Brief | After reading the records, print them all again exactly as they stand.

Collected data entries:
....

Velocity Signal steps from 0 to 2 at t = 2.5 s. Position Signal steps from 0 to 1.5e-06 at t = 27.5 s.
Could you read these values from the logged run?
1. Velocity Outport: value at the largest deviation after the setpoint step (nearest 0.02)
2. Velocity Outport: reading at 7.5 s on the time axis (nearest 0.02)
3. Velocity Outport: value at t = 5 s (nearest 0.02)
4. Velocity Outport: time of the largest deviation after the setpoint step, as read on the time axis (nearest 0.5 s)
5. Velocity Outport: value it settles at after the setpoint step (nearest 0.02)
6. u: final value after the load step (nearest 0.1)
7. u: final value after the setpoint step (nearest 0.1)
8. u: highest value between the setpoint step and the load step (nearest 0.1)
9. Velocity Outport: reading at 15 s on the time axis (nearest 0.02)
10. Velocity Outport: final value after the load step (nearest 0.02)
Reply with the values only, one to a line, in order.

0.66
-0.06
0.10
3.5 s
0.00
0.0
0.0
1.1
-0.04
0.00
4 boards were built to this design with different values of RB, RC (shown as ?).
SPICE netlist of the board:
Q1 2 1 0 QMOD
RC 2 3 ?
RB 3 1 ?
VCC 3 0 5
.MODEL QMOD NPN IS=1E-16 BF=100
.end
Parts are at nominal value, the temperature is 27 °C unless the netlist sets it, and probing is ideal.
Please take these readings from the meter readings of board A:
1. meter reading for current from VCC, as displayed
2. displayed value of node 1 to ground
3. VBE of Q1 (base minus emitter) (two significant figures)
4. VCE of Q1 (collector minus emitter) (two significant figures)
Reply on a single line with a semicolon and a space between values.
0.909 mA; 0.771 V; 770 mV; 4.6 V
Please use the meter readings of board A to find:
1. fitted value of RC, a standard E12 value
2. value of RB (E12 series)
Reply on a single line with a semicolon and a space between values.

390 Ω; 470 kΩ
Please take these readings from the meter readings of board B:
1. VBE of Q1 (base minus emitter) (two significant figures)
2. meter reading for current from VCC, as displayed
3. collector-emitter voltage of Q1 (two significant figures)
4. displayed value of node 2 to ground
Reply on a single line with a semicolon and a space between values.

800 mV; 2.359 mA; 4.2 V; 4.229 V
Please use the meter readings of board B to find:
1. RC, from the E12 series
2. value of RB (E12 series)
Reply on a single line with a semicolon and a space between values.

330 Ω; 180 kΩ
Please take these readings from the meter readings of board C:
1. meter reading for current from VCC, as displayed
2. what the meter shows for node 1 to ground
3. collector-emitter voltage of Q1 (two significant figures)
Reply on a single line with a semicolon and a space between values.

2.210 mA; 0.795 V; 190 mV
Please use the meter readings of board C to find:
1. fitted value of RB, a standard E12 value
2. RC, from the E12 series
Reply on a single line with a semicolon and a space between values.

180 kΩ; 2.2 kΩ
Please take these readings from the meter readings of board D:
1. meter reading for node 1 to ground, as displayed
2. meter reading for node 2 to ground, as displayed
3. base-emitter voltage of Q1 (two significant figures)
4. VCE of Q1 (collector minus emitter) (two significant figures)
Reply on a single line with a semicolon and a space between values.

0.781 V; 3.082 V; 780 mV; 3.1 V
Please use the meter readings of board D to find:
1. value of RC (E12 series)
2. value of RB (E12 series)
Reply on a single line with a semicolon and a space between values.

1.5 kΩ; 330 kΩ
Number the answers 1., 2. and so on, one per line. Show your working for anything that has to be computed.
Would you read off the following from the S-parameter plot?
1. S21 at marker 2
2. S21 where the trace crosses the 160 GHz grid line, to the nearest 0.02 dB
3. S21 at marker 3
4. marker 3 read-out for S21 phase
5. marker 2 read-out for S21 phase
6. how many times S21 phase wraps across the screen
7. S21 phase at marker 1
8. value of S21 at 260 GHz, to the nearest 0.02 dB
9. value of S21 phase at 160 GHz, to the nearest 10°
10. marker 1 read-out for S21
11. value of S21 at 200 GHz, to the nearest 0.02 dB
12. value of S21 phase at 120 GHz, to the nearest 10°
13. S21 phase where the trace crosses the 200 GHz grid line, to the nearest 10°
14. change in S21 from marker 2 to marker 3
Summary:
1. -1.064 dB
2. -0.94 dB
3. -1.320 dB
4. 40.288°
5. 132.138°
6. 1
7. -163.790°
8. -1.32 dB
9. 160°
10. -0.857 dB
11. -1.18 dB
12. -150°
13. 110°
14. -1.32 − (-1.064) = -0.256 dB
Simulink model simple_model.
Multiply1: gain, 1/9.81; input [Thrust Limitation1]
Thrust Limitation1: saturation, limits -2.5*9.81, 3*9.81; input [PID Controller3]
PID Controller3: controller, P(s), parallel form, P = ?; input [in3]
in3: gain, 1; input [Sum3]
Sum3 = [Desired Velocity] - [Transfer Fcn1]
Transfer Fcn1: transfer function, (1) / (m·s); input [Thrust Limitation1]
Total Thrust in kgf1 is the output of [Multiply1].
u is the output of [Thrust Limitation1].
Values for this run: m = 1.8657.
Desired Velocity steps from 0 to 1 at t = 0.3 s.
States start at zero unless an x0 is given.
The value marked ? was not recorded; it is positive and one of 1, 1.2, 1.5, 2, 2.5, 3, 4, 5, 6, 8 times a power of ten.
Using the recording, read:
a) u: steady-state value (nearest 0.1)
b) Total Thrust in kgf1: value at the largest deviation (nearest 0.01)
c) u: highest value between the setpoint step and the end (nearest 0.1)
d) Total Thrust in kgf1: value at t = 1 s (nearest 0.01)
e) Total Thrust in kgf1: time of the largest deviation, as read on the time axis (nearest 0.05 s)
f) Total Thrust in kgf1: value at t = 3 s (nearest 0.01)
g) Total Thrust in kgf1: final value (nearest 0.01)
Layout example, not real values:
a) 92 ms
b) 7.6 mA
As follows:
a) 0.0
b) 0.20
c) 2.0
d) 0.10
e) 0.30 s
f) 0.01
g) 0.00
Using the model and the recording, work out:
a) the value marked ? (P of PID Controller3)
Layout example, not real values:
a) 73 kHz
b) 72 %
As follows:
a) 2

....

Response area |
Velocity Signal steps from 0 to 2 at t = 2.5 s. Position Signal steps from 0 to 1.5e-06 at t = 27.5 s.
Could you read these values from the logged run?
1. Velocity Outport: value at the largest deviation after the setpoint step (nearest 0.02)
2. Velocity Outport: reading at 7.5 s on the time axis (nearest 0.02)
3. Velocity Outport: value at t = 5 s (nearest 0.02)
4. Velocity Outport: time of the largest deviation after the setpoint step, as read on the time axis (nearest 0.5 s)
5. Velocity Outport: value it settles at after the setpoint step (nearest 0.02)
6. u: final value after the load step (nearest 0.1)
7. u: final value after the setpoint step (nearest 0.1)
8. u: highest value between the setpoint step and the load step (nearest 0.1)
9. Velocity Outport: reading at 15 s on the time axis (nearest 0.02)
10. Velocity Outport: final value after the load step (nearest 0.02)
Reply with the values only, one to a line, in order.

0.66
-0.06
0.10
3.5 s
0.00
0.0
0.0
1.1
-0.04
0.00
4 boards were built to this design with different values of RB, RC (shown as ?).
SPICE netlist of the board:
Q1 2 1 0 QMOD
RC 2 3 ?
RB 3 1 ?
VCC 3 0 5
.MODEL QMOD NPN IS=1E-16 BF=100
.end
Parts are at nominal value, the temperature is 27 °C unless the netlist sets it, and probing is ideal.
Please take these readings from the meter readings of board A:
1. meter reading for current from VCC, as displayed
2. displayed value of node 1 to ground
3. VBE of Q1 (base minus emitter) (two significant figures)
4. VCE of Q1 (collector minus emitter) (two significant figures)
Reply on a single line with a semicolon and a space between values.
0.909 mA; 0.771 V; 770 mV; 4.6 V
Please use the meter readings of board A to find:
1. fitted value of RC, a standard E12 value
2. value of RB (E12 series)
Reply on a single line with a semicolon and a space between values.

390 Ω; 470 kΩ
Please take these readings from the meter readings of board B:
1. VBE of Q1 (base minus emitter) (two significant figures)
2. meter reading for current from VCC, as displayed
3. collector-emitter voltage of Q1 (two significant figures)
4. displayed value of node 2 to ground
Reply on a single line with a semicolon and a space between values.

800 mV; 2.359 mA; 4.2 V; 4.229 V
Please use the meter readings of board B to find:
1. RC, from the E12 series
2. value of RB (E12 series)
Reply on a single line with a semicolon and a space between values.

330 Ω; 180 kΩ
Please take these readings from the meter readings of board C:
1. meter reading for current from VCC, as displayed
2. what the meter shows for node 1 to ground
3. collector-emitter voltage of Q1 (two significant figures)
Reply on a single line with a semicolon and a space between values.

2.210 mA; 0.795 V; 190 mV
Please use the meter readings of board C to find:
1. fitted value of RB, a standard E12 value
2. RC, from the E12 series
Reply on a single line with a semicolon and a space between values.

180 kΩ; 2.2 kΩ
Please take these readings from the meter readings of board D:
1. meter reading for node 1 to ground, as displayed
2. meter reading for node 2 to ground, as displayed
3. base-emitter voltage of Q1 (two significant figures)
4. VCE of Q1 (collector minus emitter) (two significant figures)
Reply on a single line with a semicolon and a space between values.

0.781 V; 3.082 V; 780 mV; 3.1 V
Please use the meter readings of board D to find:
1. value of RC (E12 series)
2. value of RB (E12 series)
Reply on a single line with a semicolon and a space between values.

1.5 kΩ; 330 kΩ
Number the answers 1., 2. and so on, one per line. Show your working for anything that has to be computed.
Would you read off the following from the S-parameter plot?
1. S21 at marker 2
2. S21 where the trace crosses the 160 GHz grid line, to the nearest 0.02 dB
3. S21 at marker 3
4. marker 3 read-out for S21 phase
5. marker 2 read-out for S21 phase
6. how many times S21 phase wraps across the screen
7. S21 phase at marker 1
8. value of S21 at 260 GHz, to the nearest 0.02 dB
9. value of S21 phase at 160 GHz, to the nearest 10°
10. marker 1 read-out for S21
11. value of S21 at 200 GHz, to the nearest 0.02 dB
12. value of S21 phase at 120 GHz, to the nearest 10°
13. S21 phase where the trace crosses the 200 GHz grid line, to the nearest 10°
14. change in S21 from marker 2 to marker 3
Summary:
1. -1.064 dB
2. -0.94 dB
3. -1.320 dB
4. 40.288°
5. 132.138°
6. 1
7. -163.790°
8. -1.32 dB
9. 160°
10. -0.857 dB
11. -1.18 dB
12. -150°
13. 110°
14. -1.32 − (-1.064) = -0.256 dB
Simulink model simple_model.
Multiply1: gain, 1/9.81; input [Thrust Limitation1]
Thrust Limitation1: saturation, limits -2.5*9.81, 3*9.81; input [PID Controller3]
PID Controller3: controller, P(s), parallel form, P = ?; input [in3]
in3: gain, 1; input [Sum3]
Sum3 = [Desired Velocity] - [Transfer Fcn1]
Transfer Fcn1: transfer function, (1) / (m·s); input [Thrust Limitation1]
Total Thrust in kgf1 is the output of [Multiply1].
u is the output of [Thrust Limitation1].
Values for this run: m = 1.8657.
Desired Velocity steps from 0 to 1 at t = 0.3 s.
States start at zero unless an x0 is given.
The value marked ? was not recorded; it is positive and one of 1, 1.2, 1.5, 2, 2.5, 3, 4, 5, 6, 8 times a power of ten.
Using the recording, read:
a) u: steady-state value (nearest 0.1)
b) Total Thrust in kgf1: value at the largest deviation (nearest 0.01)
c) u: highest value between the setpoint step and the end (nearest 0.1)
d) Total Thrust in kgf1: value at t = 1 s (nearest 0.01)
e) Total Thrust in kgf1: time of the largest deviation, as read on the time axis (nearest 0.05 s)
f) Total Thrust in kgf1: value at t = 3 s (nearest 0.01)
g) Total Thrust in kgf1: final value (nearest 0.01)
Layout example, not real values:
a) 92 ms
b) 7.6 mA
As follows:
a) 0.0
b) 0.20
c) 2.0
d) 0.10
e) 0.30 s
f) 0.01
g) 0.00
Using the model and the recording, work out:
a) the value marked ? (P of PID Controller3)
Layout example, not real values:
a) 73 kHz
b) 72 %
As follows:
a) 2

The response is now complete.